Bug 1272453

Summary: A marked as CA certificate cannot be written in a softhsmv2 db
Product: [Fedora] Fedora Reporter: Nikos Mavrogiannopoulos <nmavrogi>
Component: softhsmAssignee: Paul Wouters <pwouters>
Status: CLOSED ERRATA QA Contact: Fedora Extras Quality Assurance <extras-qa>
Severity: unspecified Docs Contact:
Priority: unspecified    
Version: 23CC: pspacek, pwouters
Target Milestone: ---   
Target Release: ---   
Hardware: Unspecified   
OS: Unspecified   
Whiteboard:
Fixed In Version: softhsm-2.1.0-1.fc24 softhsm-2.1.0-1.fc23 Doc Type: Bug Fix
Doc Text:
Story Points: ---
Clone Of: Environment:
Last Closed: 2016-07-05 05:00:19 UTC Type: Bug
Regression: --- Mount Type: ---
Documentation: --- CRM:
Verified Versions: Category: ---
oVirt Team: --- RHEL 7.3 requirements from Atomic Host:
Cloudforms Team: --- Target Upstream Version:
Embargoed:
Attachments:
Description Flags
pkcs11 spy output none

Description Nikos Mavrogiannopoulos 2015-10-16 12:38:12 UTC 
Trying to write a certificate in a softhsm db with CKA_CERTIFICATE_CATEGORY fails with: CKR_ATTRIBUTE_READ_ONLY

How reproducible:
1. cat >config
directories.tokendir = db
objectstore.backend = file

2. export SOFTHSM2_CONF=config
3. mkdir db
4. softhsm2-util --init-token --slot 0 --label test --so-pin 1234 --pin 1234
5. p11tool --provider /usr/lib64/pkcs11/libsofthsm2.so --write --mark-ca --load-certificate any-cert.pem  --label test --so-login

Output:
Error writing certificate: PKCS #11 error in attribute

Expected Output:
Success.

Writing the same certificate without the mark-ca flag works fine.

This is a regression from version 1, as this use case works properly with softhsmv1 in F20.
Comment 1 Nikos Mavrogiannopoulos 2015-10-16 12:38:38 UTC 
Created attachment 1083641 [details]
pkcs11 spy output
Comment 2 Nikos Mavrogiannopoulos 2016-01-27 08:50:48 UTC 
https://github.com/opendnssec/SoftHSMv2/issues/162
Comment 3 Nikos Mavrogiannopoulos 2016-02-25 16:20:13 UTC 
Could that patch be included in F23? The gnutls PKCS#11 test suite depends on softhsm having this functionality and since the softhsm v1->v2 transition I cannot run this part of test suite in Fedora.

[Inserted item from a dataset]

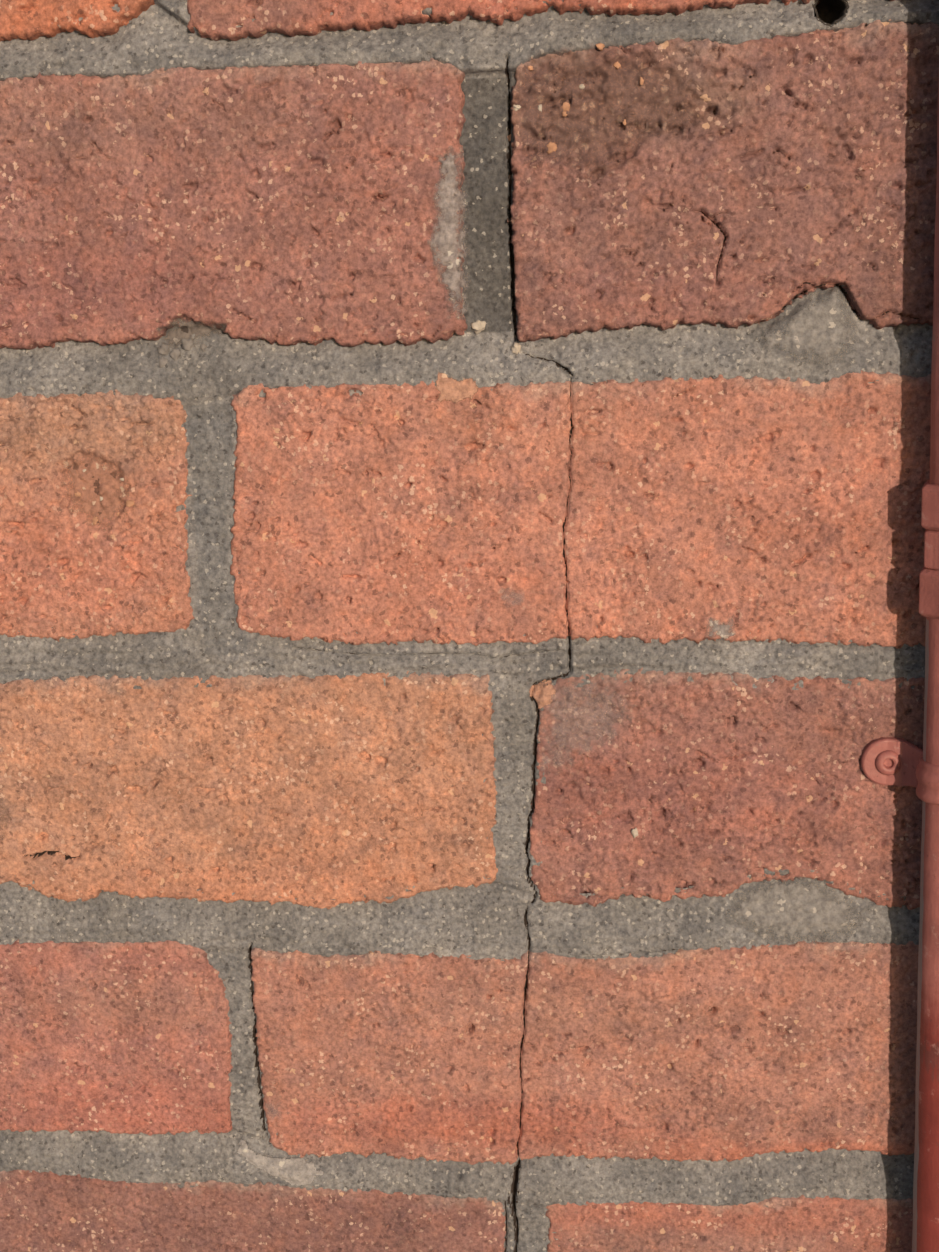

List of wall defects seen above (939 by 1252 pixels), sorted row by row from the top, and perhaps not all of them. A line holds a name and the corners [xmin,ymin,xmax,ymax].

crack [248,945,271,1144]
crack [493,57,573,1252]

https://github.com/opendnssec/SoftHSMv2/pull/164
Comment 4 Paul Wouters 2016-02-25 16:33:27 UTC 
We were going to wait for the next upstream release in 1-2 weeks, but I can do another build with just the patches for #162
Comment 5 Fedora Update System 2016-06-22 12:32:56 UTC 
softhsm-2.1.0-1.fc23 has been submitted as an update to Fedora 23. https://bodhi.fedoraproject.org/updates/FEDORA-2016-c43dd0091f
Comment 6 Fedora Update System 2016-06-22 12:33:15 UTC 
softhsm-2.1.0-1.fc24 has been submitted as an update to Fedora 24. https://bodhi.fedoraproject.org/updates/FEDORA-2016-376bda6d1d
Comment 7 Fedora Update System 2016-06-22 22:59:32 UTC 
softhsm-2.1.0-1.fc23 has been pushed to the Fedora 23 testing repository. If problems still persist, please make note of it in this bug report.
See https://fedoraproject.org/wiki/QA:Updates_Testing for
instructions on how to install test updates.
You can provide feedback for this update here: https://bodhi.fedoraproject.org/updates/FEDORA-2016-c43dd0091f
Comment 8 Fedora Update System 2016-06-22 23:02:38 UTC 
softhsm-2.1.0-1.fc24 has been pushed to the Fedora 24 testing repository. If problems still persist, please make note of it in this bug report.
See https://fedoraproject.org/wiki/QA:Updates_Testing for
instructions on how to install test updates.
You can provide feedback for this update here: https://bodhi.fedoraproject.org/updates/FEDORA-2016-376bda6d1d
Comment 9 Fedora Update System 2016-07-05 05:00:07 UTC 
softhsm-2.1.0-1.fc24 has been pushed to the Fedora 24 stable repository. If problems still persist, please make note of it in this bug report.
Comment 10 Fedora Update System 2016-07-05 08:25:34 UTC 
softhsm-2.1.0-1.fc23 has been pushed to the Fedora 23 stable repository. If problems still persist, please make note of it in this bug report.